The kids are almost all Central American. A sizable minority speak only limited Spanish, or none at all. Their first language is one of several indigenous languages, such as Mam or Chuj or Qui’che. This means communication for them is that much more difficult. I don’t know if anyone on staff speaks any of those languages.
Every day Brandon had a list of kids to interview. I don’t know where the list came from, but the kids would be waiting for us when we arrived. We interviewed each one, sometimes conducting an initial intake to gather basic information about their background, their journey, and their apprehension, so some other lawyer down the line could help them figure out their legal options. For others, we were conducting second interviews, where the lawyer who would be with them at their next court date wanted more information than was in the intake.
The interviews were entirely in Spanish, and I’ve decided if I can get through a weekend of that, I speak Spanish. I still need to learn to pronounce “amenazas” (threats) and brush up on the many ways to say “was,” but I’m now deeming myself competent. I feel like the Scarecrow who finally got a diploma.
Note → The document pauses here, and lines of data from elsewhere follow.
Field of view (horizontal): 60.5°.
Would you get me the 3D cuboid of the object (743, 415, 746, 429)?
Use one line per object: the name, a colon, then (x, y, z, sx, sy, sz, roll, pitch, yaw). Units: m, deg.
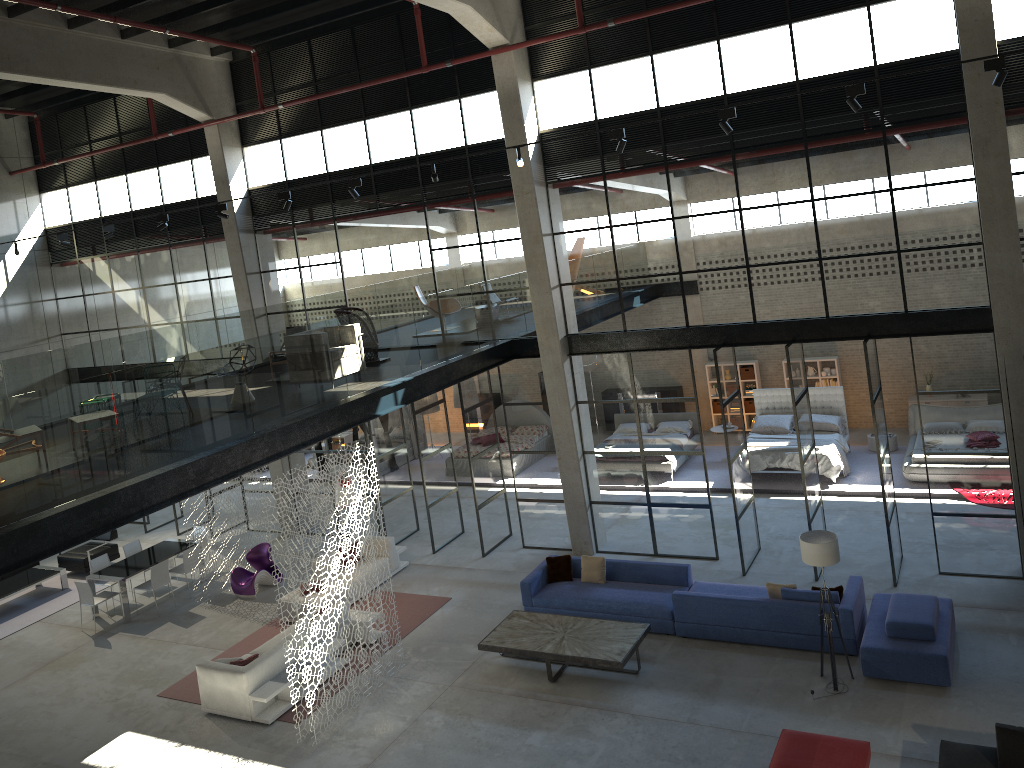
object: (5.603, 0.941, 21.660, 0.322, 0.295, 0.329, -4, 7, 29)

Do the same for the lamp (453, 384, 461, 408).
lamp: (-1.101, 0.810, 23.171, 0.807, 1.912, 0.682, -9, 3, -19)

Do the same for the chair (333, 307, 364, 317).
chair: (-2.699, -0.853, 15.298, 0.687, 0.980, 0.836, -8, 5, 0)

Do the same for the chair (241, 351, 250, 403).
chair: (-4.011, -0.126, 12.814, 0.566, 0.796, 0.611, -8, 5, -4)

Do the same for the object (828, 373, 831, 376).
object: (7.391, -0.218, 20.456, 0.066, 0.063, 0.066, -9, 6, -13)

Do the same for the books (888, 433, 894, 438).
books: (7.866, 1.072, 18.407, 0.227, 0.046, 0.306, -1, 12, 35)

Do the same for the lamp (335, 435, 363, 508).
lamp: (-2.671, 1.350, 13.944, 0.436, 1.094, 0.446, -6, 4, 38)

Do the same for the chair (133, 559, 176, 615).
chair: (-6.312, 3.557, 15.447, 0.542, 0.865, 0.426, -6, 4, 29)

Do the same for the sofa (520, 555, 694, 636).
sofa: (1.406, 3.068, 12.921, 2.322, 0.600, 1.074, -3, 10, 29)

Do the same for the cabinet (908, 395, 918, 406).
cabinet: (9.609, 0.633, 19.278, 1.543, 0.695, 0.540, -3, 7, 29)

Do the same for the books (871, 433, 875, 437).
books: (7.676, 1.080, 18.570, 0.134, 0.020, 0.196, -2, 11, 29)

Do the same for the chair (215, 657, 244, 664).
chair: (-3.751, 3.772, 11.825, 0.390, 0.270, 0.322, -7, 7, 4)

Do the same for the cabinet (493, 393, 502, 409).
cabinet: (-0.820, 0.890, 25.136, 1.034, 1.153, 0.457, -5, 4, 29)

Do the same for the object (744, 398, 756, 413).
object: (5.889, 0.519, 21.455, 0.322, 0.295, 0.329, -4, 7, 29)

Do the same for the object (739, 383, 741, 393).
object: (5.494, 0.128, 21.628, 0.322, 0.295, 0.329, -4, 7, 29)

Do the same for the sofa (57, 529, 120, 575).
sofa: (-8.747, 3.471, 18.118, 0.945, 0.754, 0.835, -4, 8, 29)

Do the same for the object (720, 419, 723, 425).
object: (5.269, 0.987, 21.823, 0.140, 0.234, 0.139, -10, 5, -24)

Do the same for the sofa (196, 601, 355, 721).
sofa: (-3.258, 3.798, 12.309, 0.942, 0.664, 2.179, -4, 10, 29)

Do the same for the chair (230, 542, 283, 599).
chair: (-4.589, 3.328, 15.720, 0.652, 0.743, 0.811, -5, 7, 29)

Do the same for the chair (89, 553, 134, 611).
chair: (-7.308, 3.597, 15.999, 0.542, 0.865, 0.426, -6, 4, 29)

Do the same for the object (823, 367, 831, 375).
object: (7.392, -0.299, 20.605, 0.174, 0.168, 0.176, -8, 6, -3)

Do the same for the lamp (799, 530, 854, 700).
lamp: (3.652, 2.672, 10.192, 0.426, 1.733, 0.678, -7, 3, 27)

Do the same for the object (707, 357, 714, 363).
object: (5.012, -0.615, 21.974, 0.232, 0.150, 0.054, -4, 4, 27)

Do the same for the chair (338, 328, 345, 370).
chair: (-2.854, -0.418, 13.450, 0.799, 0.827, 1.000, -5, 8, 29)

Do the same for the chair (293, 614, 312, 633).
chair: (-3.033, 3.522, 12.562, 0.268, 0.316, 0.399, -6, 7, 16)

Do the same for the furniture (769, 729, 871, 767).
furniture: (2.981, 3.762, 8.493, 0.850, 0.373, 0.871, -3, 10, 29)

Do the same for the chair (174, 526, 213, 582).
chair: (-6.161, 3.269, 16.925, 0.417, 0.865, 0.554, -6, 5, 29)

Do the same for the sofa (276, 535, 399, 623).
sofa: (-2.935, 3.282, 14.913, 0.936, 0.663, 2.188, -4, 10, 29)

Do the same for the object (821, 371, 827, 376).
object: (7.290, -0.238, 20.508, 0.115, 0.112, 0.118, -4, 7, 32)

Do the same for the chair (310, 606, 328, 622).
chair: (-2.859, 3.452, 12.809, 0.266, 0.320, 0.403, -5, 8, 31)

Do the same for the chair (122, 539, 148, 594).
chair: (-6.977, 3.440, 16.612, 0.542, 0.865, 0.426, -6, 4, 29)

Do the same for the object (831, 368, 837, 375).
object: (7.539, -0.288, 20.525, 0.144, 0.136, 0.141, -14, 9, -43)

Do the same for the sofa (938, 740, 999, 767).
sofa: (4.799, 3.592, 7.500, 2.094, 0.557, 1.102, -3, 10, 29)

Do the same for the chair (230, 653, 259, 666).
chair: (-3.527, 3.758, 11.675, 0.405, 0.333, 0.283, -10, 6, -16)

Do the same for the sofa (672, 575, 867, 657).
sofa: (3.435, 2.932, 11.779, 2.322, 0.717, 1.073, -3, 9, 29)

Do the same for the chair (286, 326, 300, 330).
chair: (-3.722, -0.538, 14.809, 0.516, 0.819, 0.566, -6, 5, 29)

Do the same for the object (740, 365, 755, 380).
object: (5.785, -0.283, 21.423, 0.322, 0.295, 0.329, -4, 7, 29)

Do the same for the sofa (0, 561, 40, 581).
sofa: (-10.651, 3.898, 17.227, 0.816, 0.751, 2.500, -4, 10, 29)

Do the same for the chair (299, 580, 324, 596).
chair: (-3.266, 3.308, 14.332, 0.417, 0.107, 0.409, -10, 10, -14)

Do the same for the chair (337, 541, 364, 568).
chair: (-2.815, 2.987, 15.344, 0.415, 0.333, 0.256, -12, 6, -28)

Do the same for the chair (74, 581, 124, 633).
chair: (-7.128, 3.728, 15.134, 0.417, 0.865, 0.554, -6, 5, 29)

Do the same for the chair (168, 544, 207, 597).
chair: (-5.981, 3.400, 16.061, 0.542, 0.865, 0.426, -6, 4, 29)

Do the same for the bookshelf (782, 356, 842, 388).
bookshelf: (7.165, 0.266, 20.752, 1.232, 1.747, 0.334, -5, 3, 29)

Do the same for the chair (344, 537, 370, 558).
chair: (-2.739, 2.941, 15.534, 0.384, 0.335, 0.253, -11, 6, -27)

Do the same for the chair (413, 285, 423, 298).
chair: (-1.514, -1.685, 18.866, 0.988, 1.021, 0.790, -12, 6, -32)

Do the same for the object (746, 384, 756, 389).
object: (5.859, 0.055, 21.448, 0.258, 0.133, 0.059, -3, 5, 29)

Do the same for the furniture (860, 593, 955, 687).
furniture: (4.836, 2.979, 10.709, 0.944, 0.550, 1.566, -3, 10, 29)

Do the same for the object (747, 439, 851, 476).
object: (5.577, 1.474, 17.682, 2.267, 0.654, 0.664, -2, 8, 32)

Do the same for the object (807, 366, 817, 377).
object: (7.065, -0.306, 20.684, 0.166, 0.249, 0.166, -9, 5, -16)

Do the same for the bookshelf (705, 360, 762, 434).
bookshelf: (5.523, 0.335, 21.651, 1.232, 1.747, 0.334, -5, 3, 29)

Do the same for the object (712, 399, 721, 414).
object: (5.203, 0.550, 21.835, 0.322, 0.295, 0.329, -4, 7, 29)

What struck me the most was the realness of it all. There are so many abstractions to all of this, as I read the news or talk with my colleagues. The border is an idea. The kids are an idea. Tornillo is an idea. Hell, Texas is an idea. But being at Tornillo, seeing the border fence, talking with the kids, being surrounded by the y’alls and the pecans and the dust storm, the whole thing became concrete for me. These are real people, at a real place. I could touch it, see it, travel through it. I could hear the weird silence and breathe the thin air. I could eat the food and feel the sun on my arms. On one level, it was just a few long days of work, nothing I haven’t done before. But on another level, it was…well, I don’t know what it was. I’ll have to get back to you on that.